▶ **Work instructions**
Please list all lines of the material below in which the string "like" occurs.

Segment Open

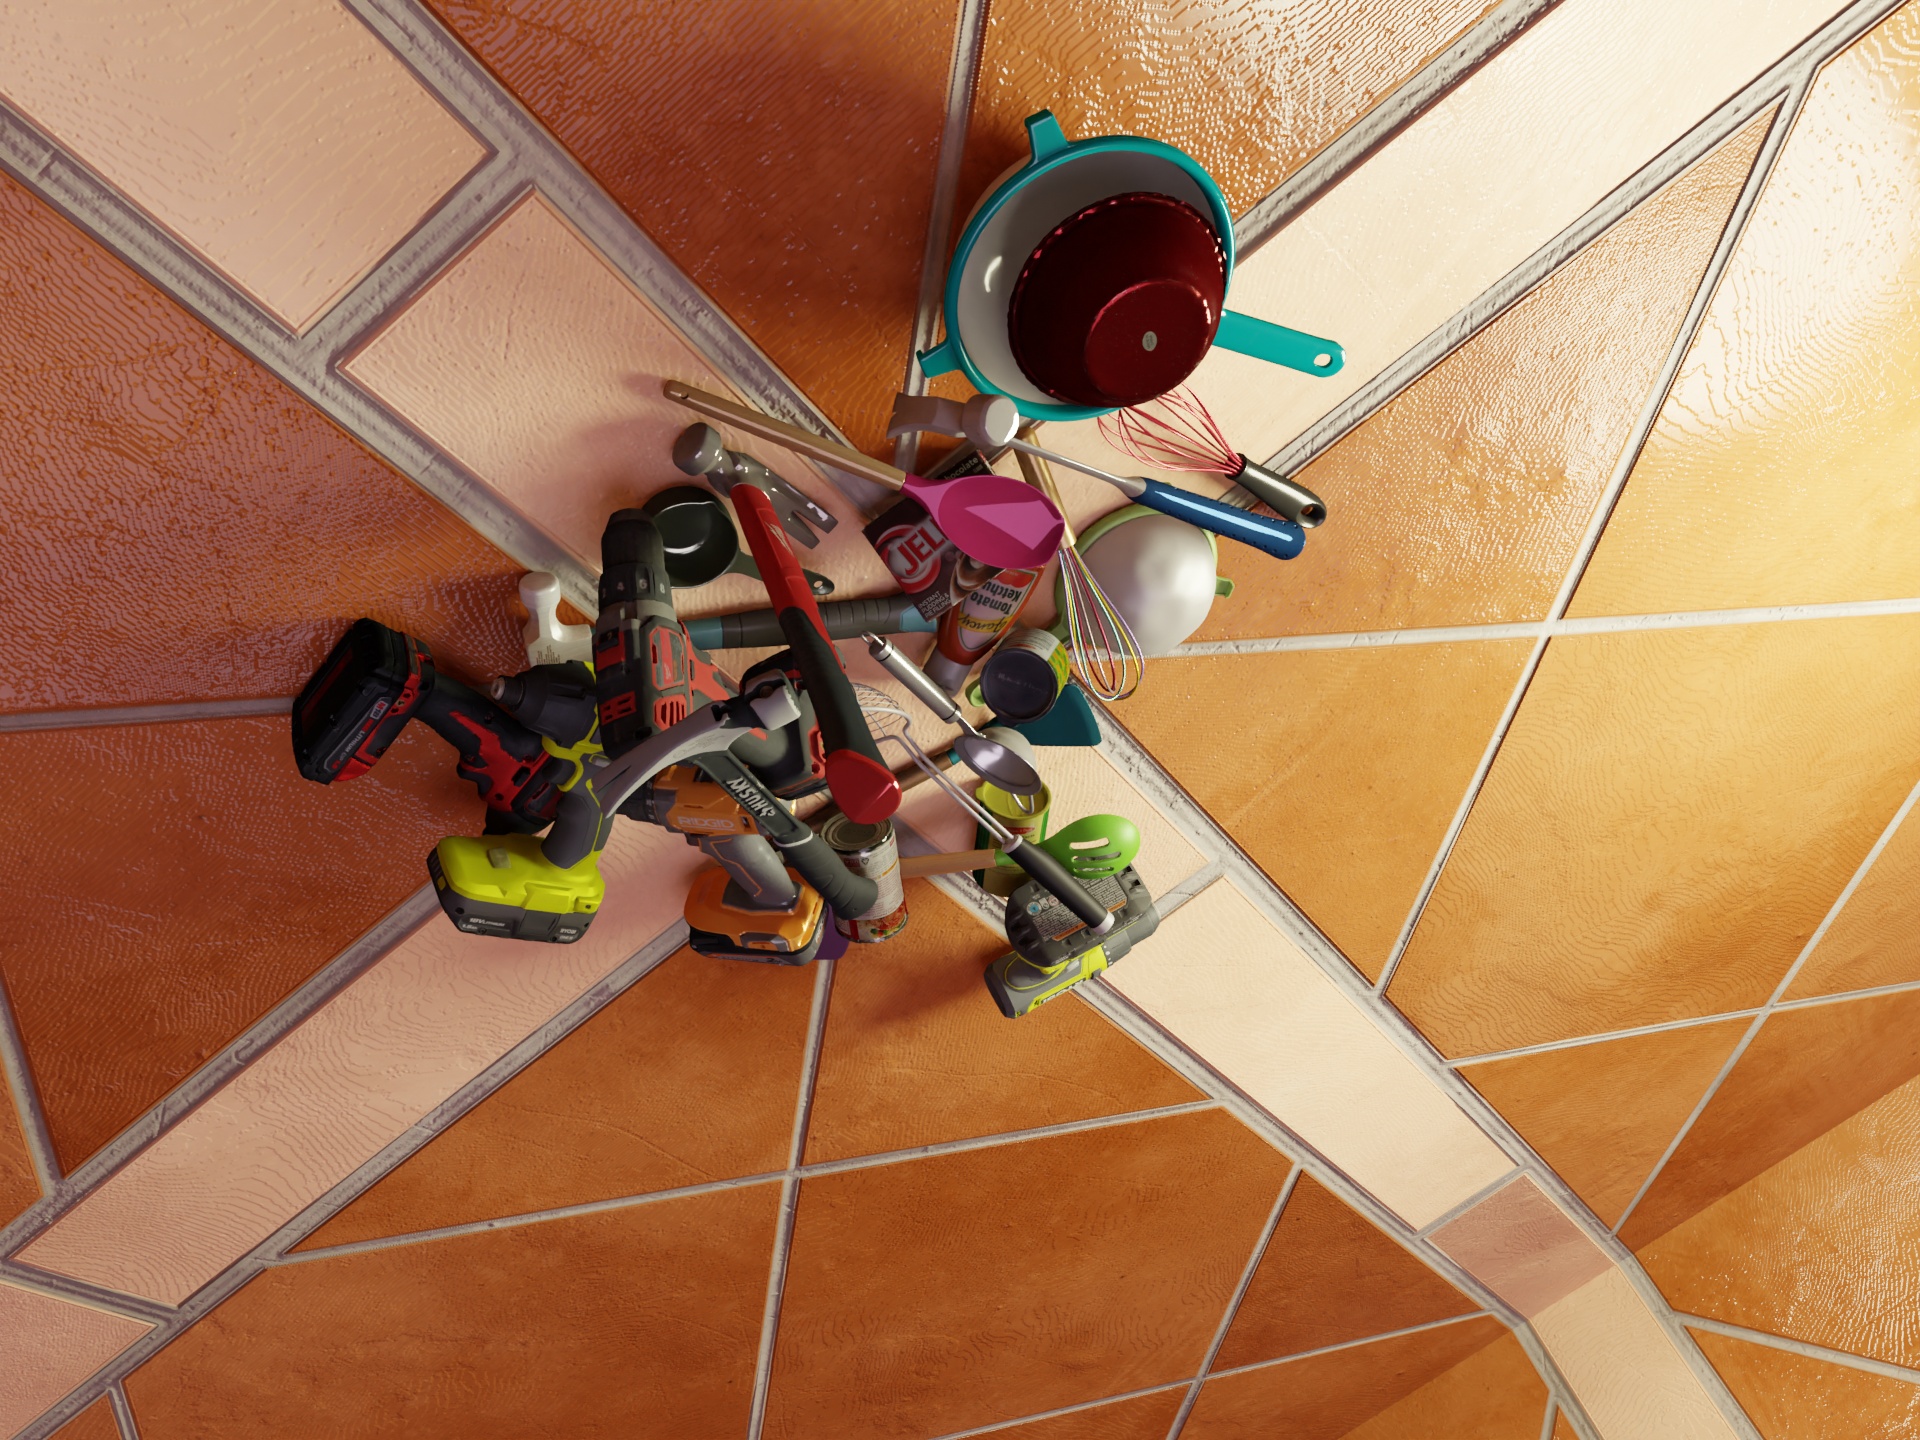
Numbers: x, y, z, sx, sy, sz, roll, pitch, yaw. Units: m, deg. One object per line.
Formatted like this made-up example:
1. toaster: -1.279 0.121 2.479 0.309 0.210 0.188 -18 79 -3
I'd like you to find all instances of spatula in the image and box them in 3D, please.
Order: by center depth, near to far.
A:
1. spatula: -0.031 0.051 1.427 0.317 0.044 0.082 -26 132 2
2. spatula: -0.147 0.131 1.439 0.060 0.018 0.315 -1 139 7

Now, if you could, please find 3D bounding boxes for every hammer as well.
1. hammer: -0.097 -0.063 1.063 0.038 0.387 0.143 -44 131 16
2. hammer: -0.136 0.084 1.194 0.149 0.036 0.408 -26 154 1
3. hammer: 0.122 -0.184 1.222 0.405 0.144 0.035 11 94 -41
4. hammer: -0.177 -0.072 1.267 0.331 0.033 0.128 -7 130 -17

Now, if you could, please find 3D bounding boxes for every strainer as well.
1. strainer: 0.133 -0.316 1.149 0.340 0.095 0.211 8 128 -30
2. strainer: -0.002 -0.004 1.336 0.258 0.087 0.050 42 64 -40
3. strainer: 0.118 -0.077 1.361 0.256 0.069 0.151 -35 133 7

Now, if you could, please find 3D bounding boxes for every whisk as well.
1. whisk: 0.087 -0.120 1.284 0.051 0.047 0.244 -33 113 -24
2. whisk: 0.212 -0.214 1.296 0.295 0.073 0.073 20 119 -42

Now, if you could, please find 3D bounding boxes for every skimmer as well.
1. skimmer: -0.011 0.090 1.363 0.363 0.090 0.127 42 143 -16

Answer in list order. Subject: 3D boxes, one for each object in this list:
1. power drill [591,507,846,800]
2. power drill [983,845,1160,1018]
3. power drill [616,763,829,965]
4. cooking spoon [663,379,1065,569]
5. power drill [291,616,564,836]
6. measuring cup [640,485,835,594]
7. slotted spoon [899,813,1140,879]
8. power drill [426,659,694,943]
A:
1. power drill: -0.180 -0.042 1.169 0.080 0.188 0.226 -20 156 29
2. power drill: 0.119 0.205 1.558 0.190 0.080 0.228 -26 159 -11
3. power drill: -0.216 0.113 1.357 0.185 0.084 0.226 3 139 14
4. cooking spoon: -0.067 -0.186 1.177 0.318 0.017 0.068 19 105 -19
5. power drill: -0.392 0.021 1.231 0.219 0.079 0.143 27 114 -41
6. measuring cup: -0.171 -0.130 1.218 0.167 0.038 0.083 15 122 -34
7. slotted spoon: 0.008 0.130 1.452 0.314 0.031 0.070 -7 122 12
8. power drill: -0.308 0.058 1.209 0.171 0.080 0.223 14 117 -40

Segment Closed
Segment Open

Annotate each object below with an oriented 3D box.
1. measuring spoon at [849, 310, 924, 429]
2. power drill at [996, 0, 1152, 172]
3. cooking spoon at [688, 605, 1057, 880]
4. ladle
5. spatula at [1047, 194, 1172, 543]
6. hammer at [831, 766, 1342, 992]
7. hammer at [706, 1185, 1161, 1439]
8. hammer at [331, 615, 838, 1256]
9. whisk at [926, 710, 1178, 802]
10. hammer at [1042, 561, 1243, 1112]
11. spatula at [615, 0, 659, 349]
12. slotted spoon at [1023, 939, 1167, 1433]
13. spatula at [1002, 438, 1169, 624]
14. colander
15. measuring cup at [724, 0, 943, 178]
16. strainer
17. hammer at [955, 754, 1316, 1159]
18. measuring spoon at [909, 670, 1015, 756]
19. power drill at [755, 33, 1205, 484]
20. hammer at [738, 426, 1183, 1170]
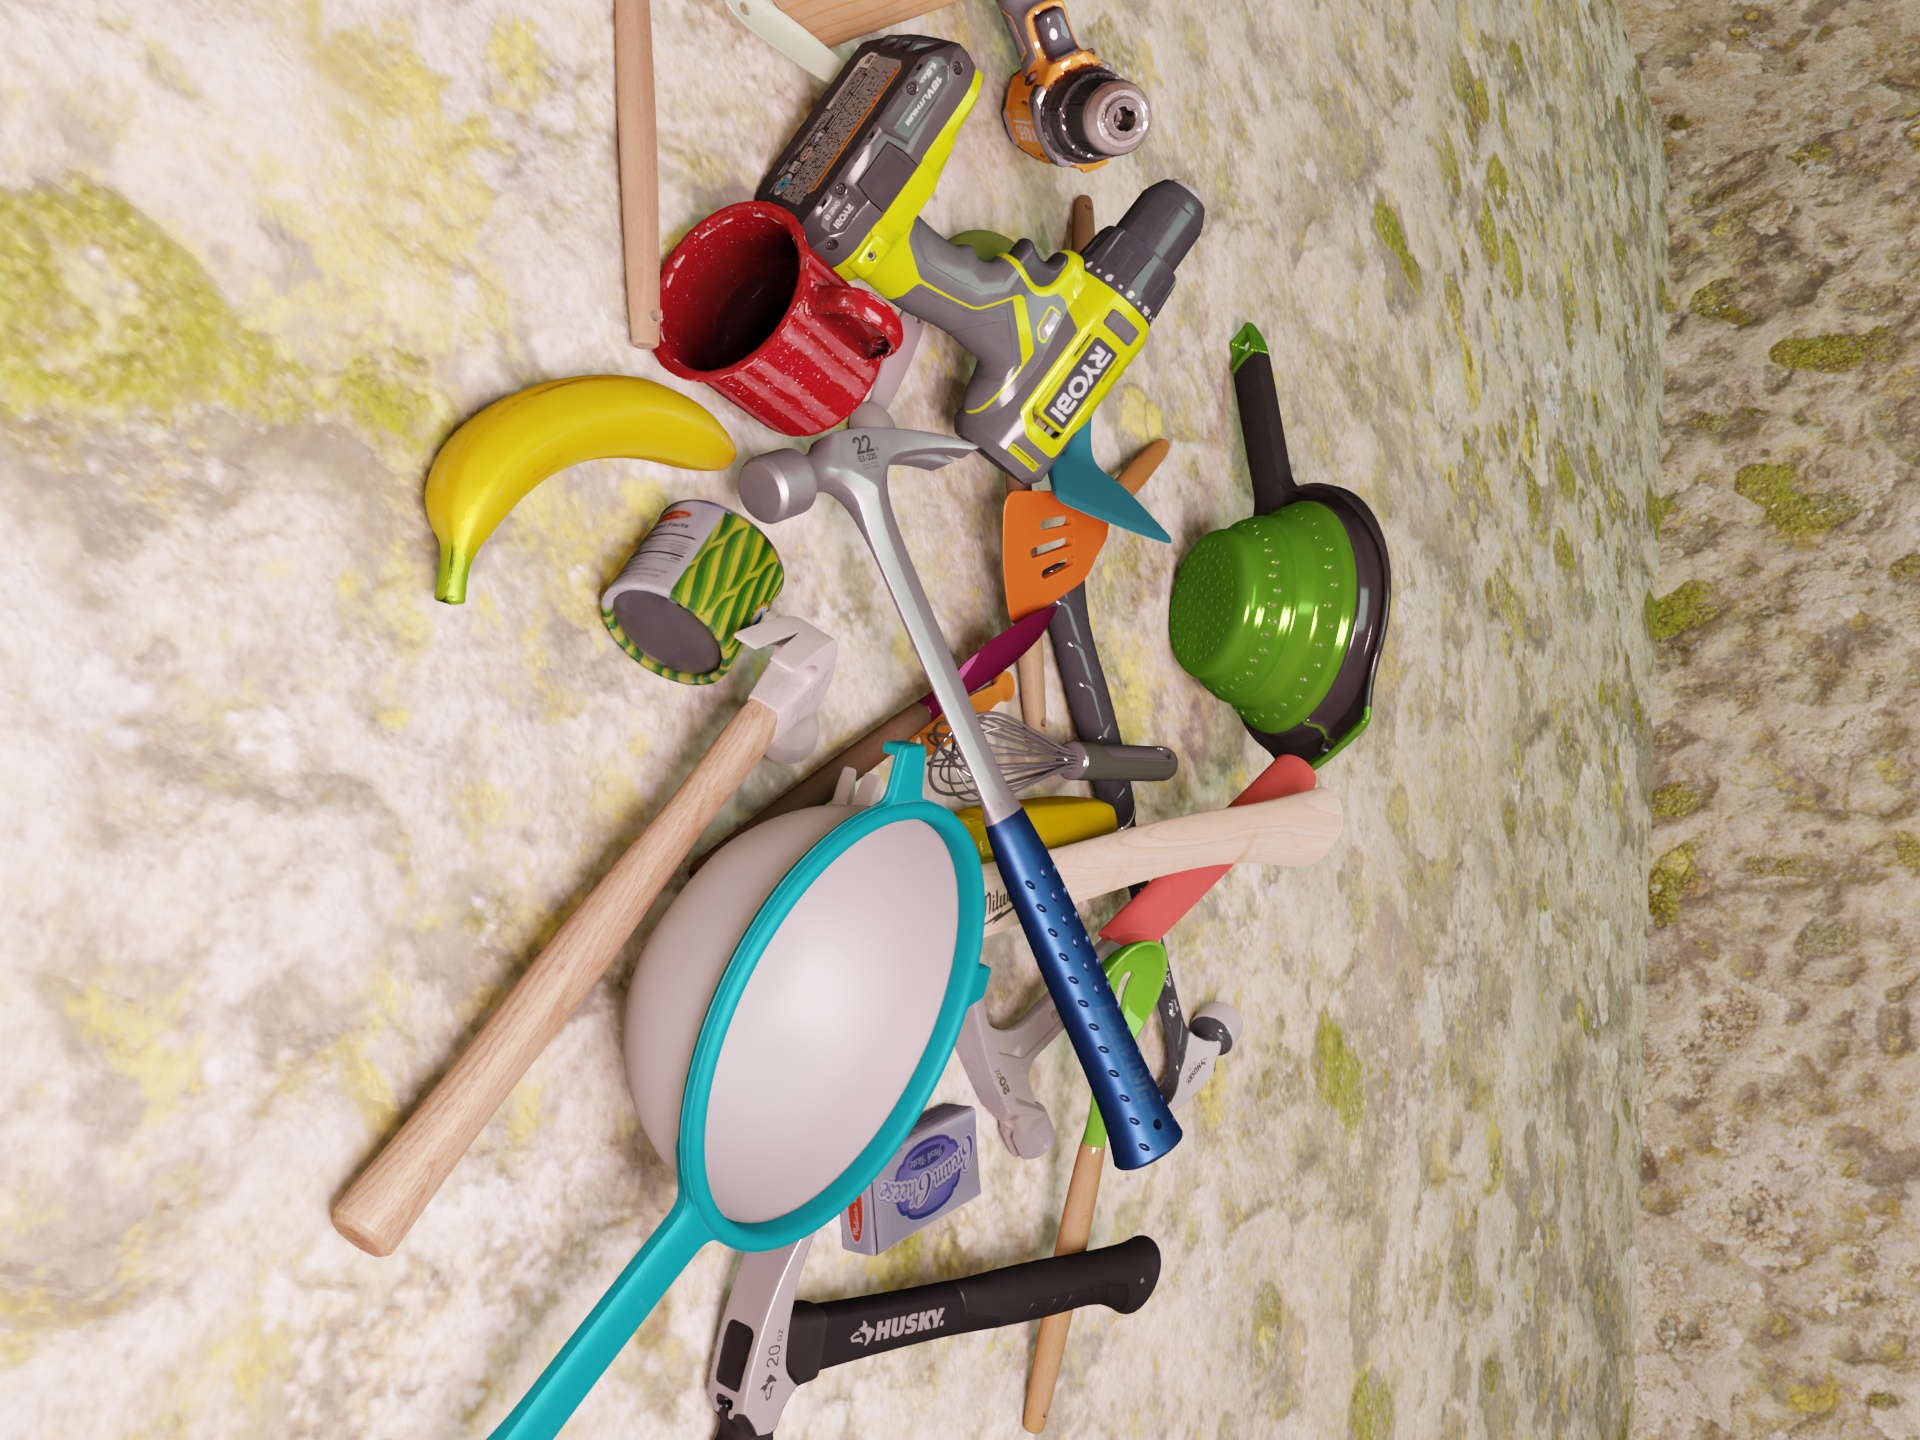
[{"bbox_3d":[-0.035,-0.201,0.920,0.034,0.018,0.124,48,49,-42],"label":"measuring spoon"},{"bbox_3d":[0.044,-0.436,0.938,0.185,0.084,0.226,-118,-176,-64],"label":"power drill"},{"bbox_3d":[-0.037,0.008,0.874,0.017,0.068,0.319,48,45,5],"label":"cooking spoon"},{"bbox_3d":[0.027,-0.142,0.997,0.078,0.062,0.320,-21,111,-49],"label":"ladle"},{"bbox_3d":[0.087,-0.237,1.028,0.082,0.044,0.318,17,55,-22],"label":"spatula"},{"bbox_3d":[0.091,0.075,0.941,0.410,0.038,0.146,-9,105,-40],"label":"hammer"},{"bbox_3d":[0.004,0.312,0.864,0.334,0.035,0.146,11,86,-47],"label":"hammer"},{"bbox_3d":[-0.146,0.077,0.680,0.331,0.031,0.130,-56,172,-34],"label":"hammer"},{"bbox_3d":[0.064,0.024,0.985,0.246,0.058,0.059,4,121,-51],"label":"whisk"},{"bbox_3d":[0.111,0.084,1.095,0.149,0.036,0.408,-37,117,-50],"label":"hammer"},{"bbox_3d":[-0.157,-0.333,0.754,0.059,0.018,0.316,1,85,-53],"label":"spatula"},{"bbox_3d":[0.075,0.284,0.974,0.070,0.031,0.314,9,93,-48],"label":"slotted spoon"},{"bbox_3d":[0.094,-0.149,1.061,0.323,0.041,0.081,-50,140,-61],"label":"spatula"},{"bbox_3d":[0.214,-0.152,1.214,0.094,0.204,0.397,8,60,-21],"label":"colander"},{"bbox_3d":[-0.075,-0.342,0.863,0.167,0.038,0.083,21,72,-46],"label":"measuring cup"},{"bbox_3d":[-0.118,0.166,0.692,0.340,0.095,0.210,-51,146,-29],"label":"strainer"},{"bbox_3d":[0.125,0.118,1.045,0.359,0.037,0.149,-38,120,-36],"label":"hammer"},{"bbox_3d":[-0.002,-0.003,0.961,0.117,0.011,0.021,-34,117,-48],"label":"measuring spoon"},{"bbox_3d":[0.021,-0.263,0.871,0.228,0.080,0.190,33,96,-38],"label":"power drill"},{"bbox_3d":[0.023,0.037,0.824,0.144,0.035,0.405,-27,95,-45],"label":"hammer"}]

Segment Closed

▶ **Answer to the problem**
Formatted like this made-up example:
I'd like you to find all instances of spatula in the image and box them in 3D, please.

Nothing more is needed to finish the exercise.